Socializing online and in the real world may be edging ever closer, but one stark difference remains: it’s much easier to juggle different groups of friends offline than it is online. A new tool developed at Stanford University addresses the problem by automatically working out a person’s different and overlapping friendship groups by analyzing the history of their Facebook or Gmail account.
The tool—called SocialFlows—is available as a Facebook app. Once a Facebook user connects it with their account, they can extract their social groups in two ways. The researchers’ software can either work from the images a person was tagged in over the last two years, or from the pattern of e-mail recipients recorded in the last two years via a Gmail account.
Once SocialFlows has processed the necessary data, it suggests different groups of contacts or friends, some overlapping. An interactive interface allows the user to add, remove, or reshuffle the groups and then save them to either Facebook or Gmail as contact lists or new groups.
Putting different types of contacts into different groups—family or coworkers, for example—can be useful to people who want to control what they share, and with whom, online, explained Diana MacLean, a member of the MobiSocial Lab at Stanford where she and colleagues created SocialFlows.
“The current solution is friends lists,” said MacLean at the Intelligent User Interfaces conference earlier this week. “That does give some granular control over who gets to see our data, but they’re very tedious to create and even more tedious to maintain over time.” As people acquire new contacts, they must keep adding them to groups or perhaps create new ones, and there is currently no way to transfer groups between services, she pointed out.
Social sites actually have all the data they need to tackle these problems, said MacLean. “Your social topology is captured latently in your communication data.” SocialFlows is an attempt to tap into that. The algorithm behind the tool first creates many small groups by linking people who have often appeared in the same photo as the SocialFlows user, or who have been recipients of the same e-mail. Larger groups are then assembled by merging groups that are similar. Some groups become nested inside others, as when the data reveals a pattern of connections between a subset of people within a larger group.
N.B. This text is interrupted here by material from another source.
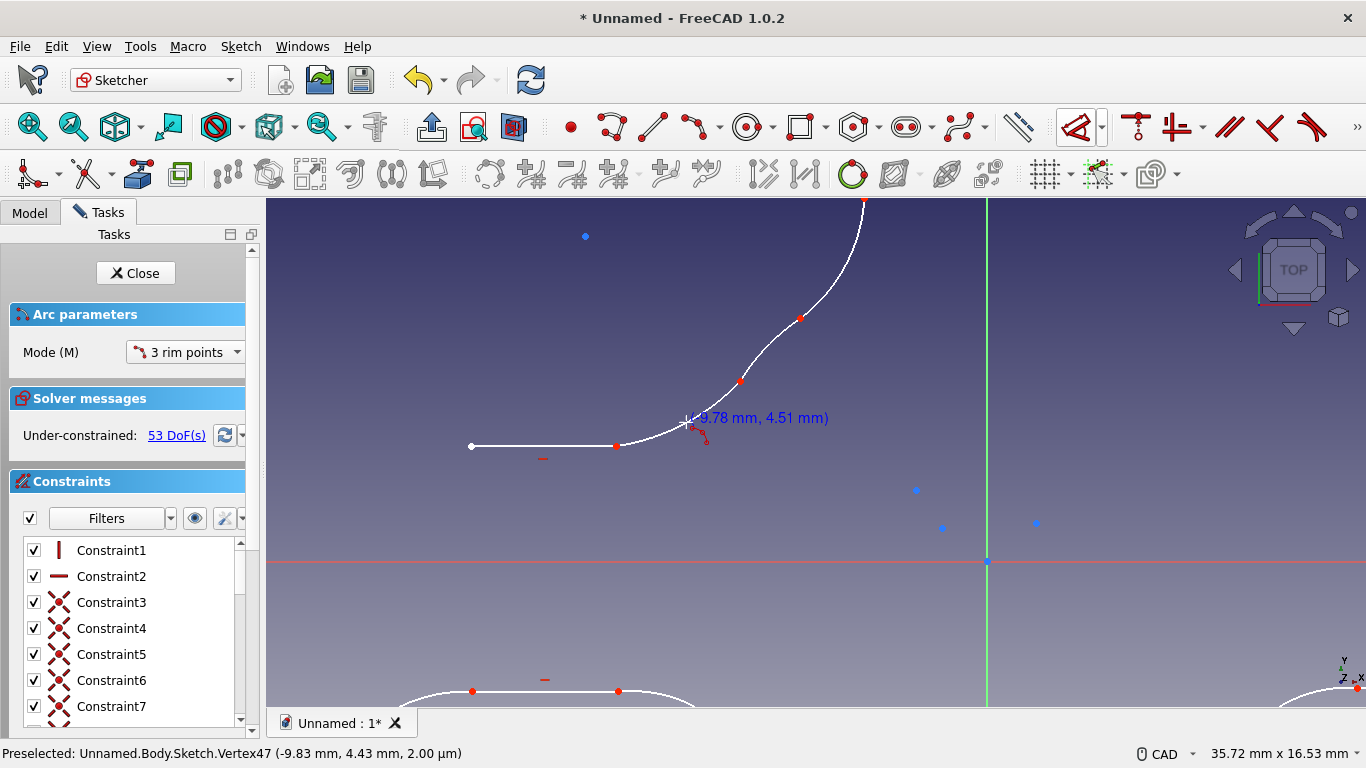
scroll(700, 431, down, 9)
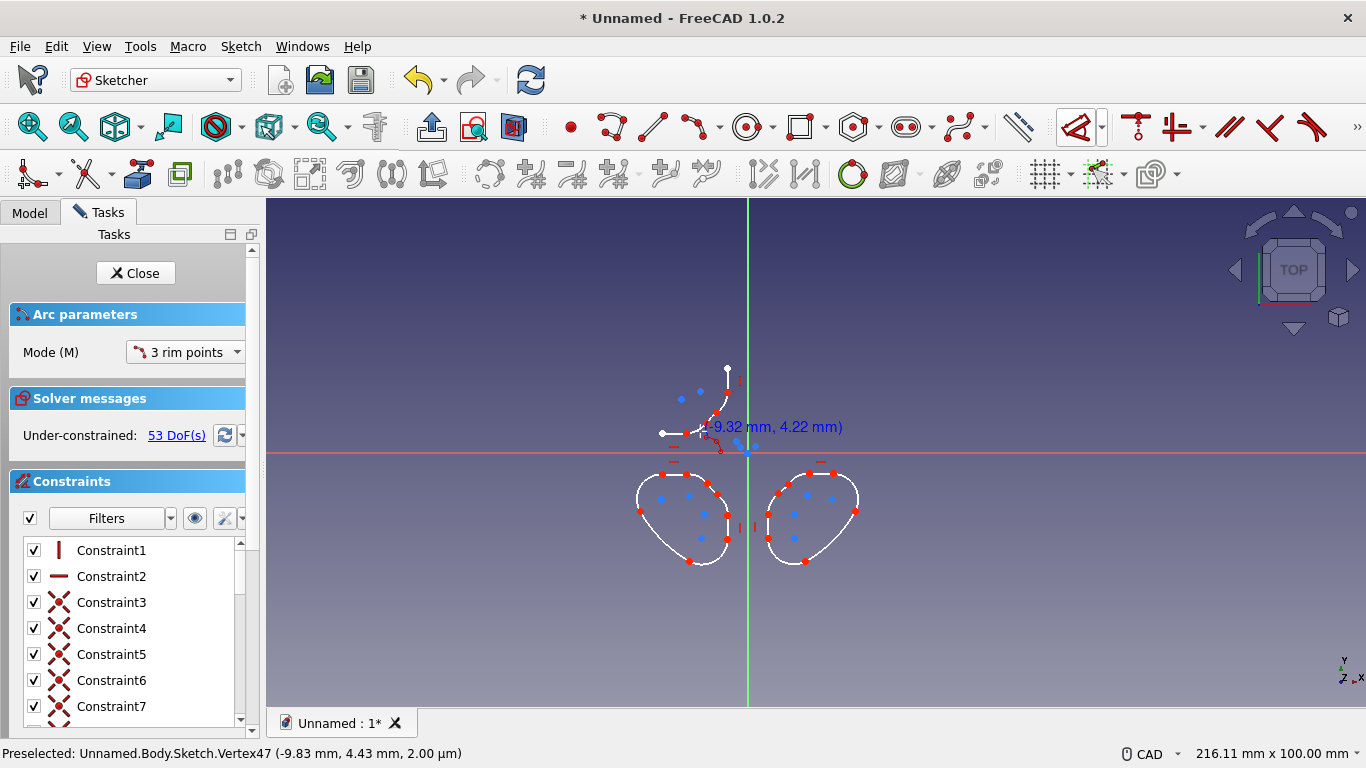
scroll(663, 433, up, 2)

MacLean and colleagues conducted a user study in which 19 volunteers were asked to use SocialFlows on their e-mail to generate and fine-tune groups that could help them achieve specific tasks, for example, notifying close friends in their home town of an upcoming visit, or inviting guests to a birthday party. Study participants also performed the same task using Gmail’s contact manager.
“Six of the 19 found doing the task using Gmail’s contact manager intolerable and gave up,” reported MacLean. A statistical analysis of the results showed that SocialFlows was significantly faster and easier to use, and the groups it generated were significantly more useful than those created with Gmail.
Eric Gilbert, who recently started a research lab at Georgia Tech to analyze social media and explore new types of design for social Web services, says that managing friends lists is “a problem space calling out for a solution.” He previously built a service called WeMeddle that automatically creates lists of a person’s Twitter contacts from their past activity.
Gilbert says SocialFlows does a good job of taming the complexities of creating lists of different types of friends. But creating lists is, in some ways, just a first step. “A remaining challenge is, how do you control how you communicate and message the people in these lists,” he says. Neither SocialFlows nor WeMeddle have taken that next step, says Gilbert, but this may be much more complex than simply deriving groups. “The stream, which lumps everything together, has come to be seen as very central to social media,” he explains. This fact makes Facebook, Twitter, and other services currently unsuited to maintaining separate social circles within a larger network.
That’s not something MacLean and colleagues plan to take on soon, though. The researchers are focusing on making tweaks to the algorithms and studying how the social groups they identify in people’s data change over time. In the future, SocialFlows may even be able to suggest changes to a person’s friend lists as his or her collection of contacts and patterns of communication evolve. “Ideally, [SocialFlows] would suggest changes to your current topology rather than wiping [out] all of the changes you already made, as it does now,” said MacLean.